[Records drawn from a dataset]
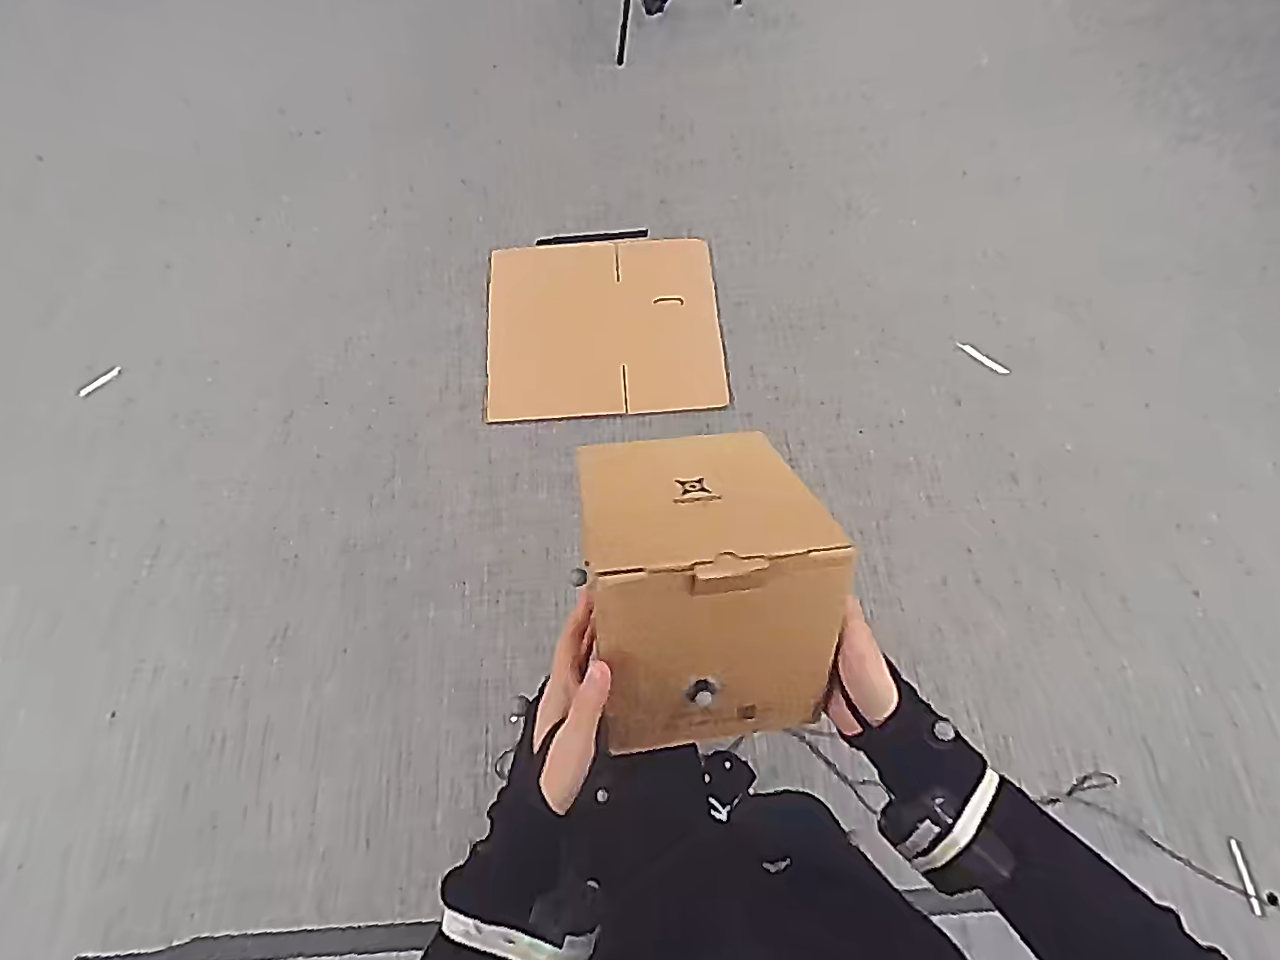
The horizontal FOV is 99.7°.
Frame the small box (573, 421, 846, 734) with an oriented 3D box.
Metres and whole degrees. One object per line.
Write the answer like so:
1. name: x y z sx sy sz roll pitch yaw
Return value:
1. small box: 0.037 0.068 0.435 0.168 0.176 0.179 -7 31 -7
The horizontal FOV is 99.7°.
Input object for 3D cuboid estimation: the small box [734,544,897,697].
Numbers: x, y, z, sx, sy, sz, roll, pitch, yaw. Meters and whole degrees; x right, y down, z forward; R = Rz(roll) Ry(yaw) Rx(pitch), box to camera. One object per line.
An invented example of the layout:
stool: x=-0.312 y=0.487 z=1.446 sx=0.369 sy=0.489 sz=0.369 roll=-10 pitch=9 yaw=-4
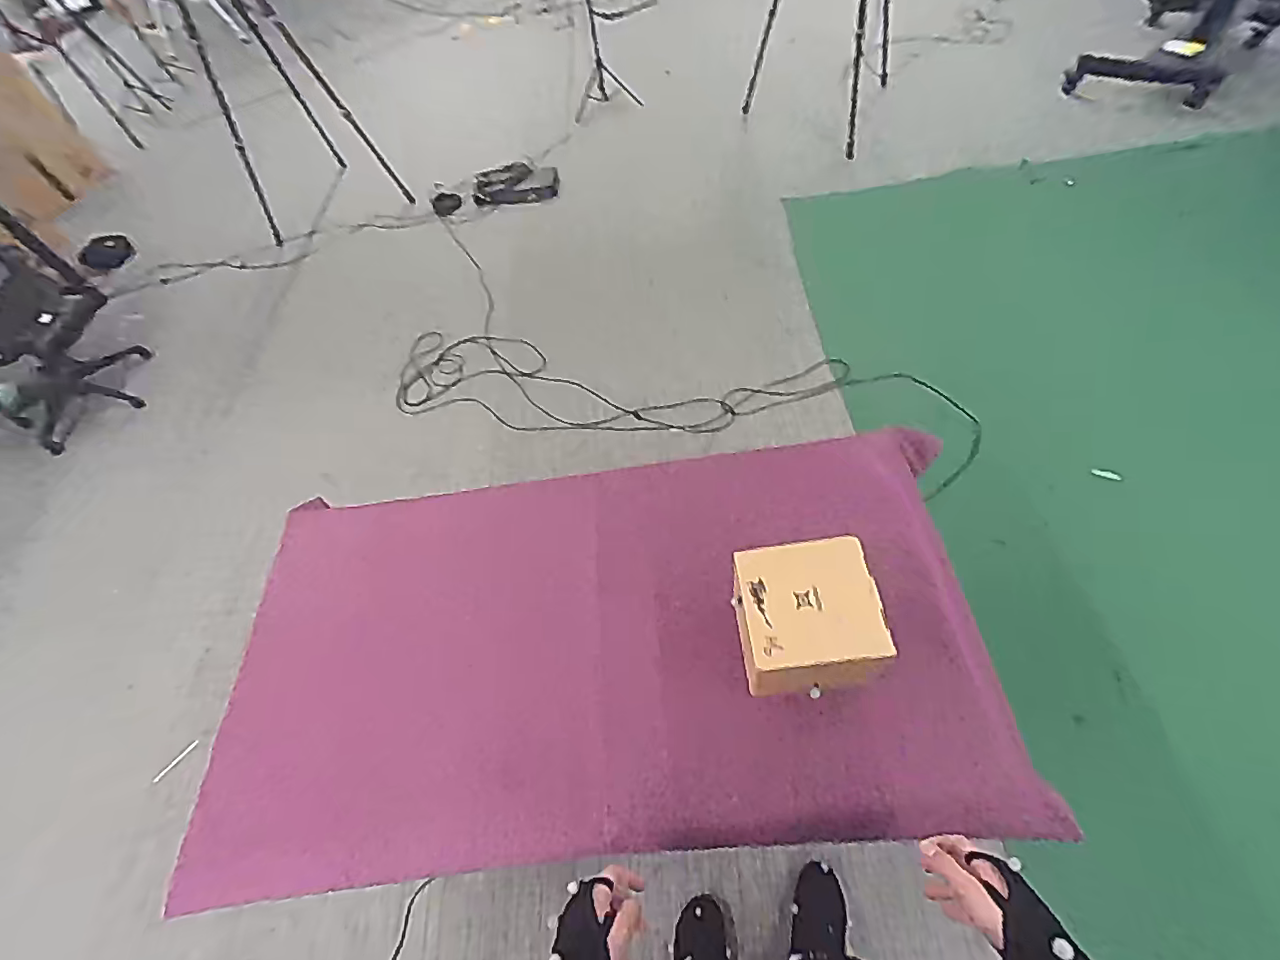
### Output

[Required action]
Your copy of the data above should match it exactly, apart from the images.

[Response for this exercise]
The horizontal FOV is 99.7°.
Frame the small box (573, 421, 846, 734) with an oriented 3D box.
Metres and whole degrees. One object per line.
Write the answer like so:
1. name: x y z sx sy sz roll pitch yaw
Return value:
1. small box: 0.037 0.068 0.435 0.168 0.176 0.179 -7 31 -7
The horizontal FOV is 99.7°.
Input object for 3D cuboid estimation: the small box [734,544,897,697].
Numbers: x, y, z, sx, sy, sz, roll, pitch, yaw. Meters and whole degrees; x right, y down, z forward; R = Rz(roll) Ry(yaw) Rx(pitch), box to camera. One object per line.
An invented example of the layout:
stool: x=-0.312 y=0.487 z=1.446 sx=0.369 sy=0.489 sz=0.369 roll=-10 pitch=9 yaw=-4
### Output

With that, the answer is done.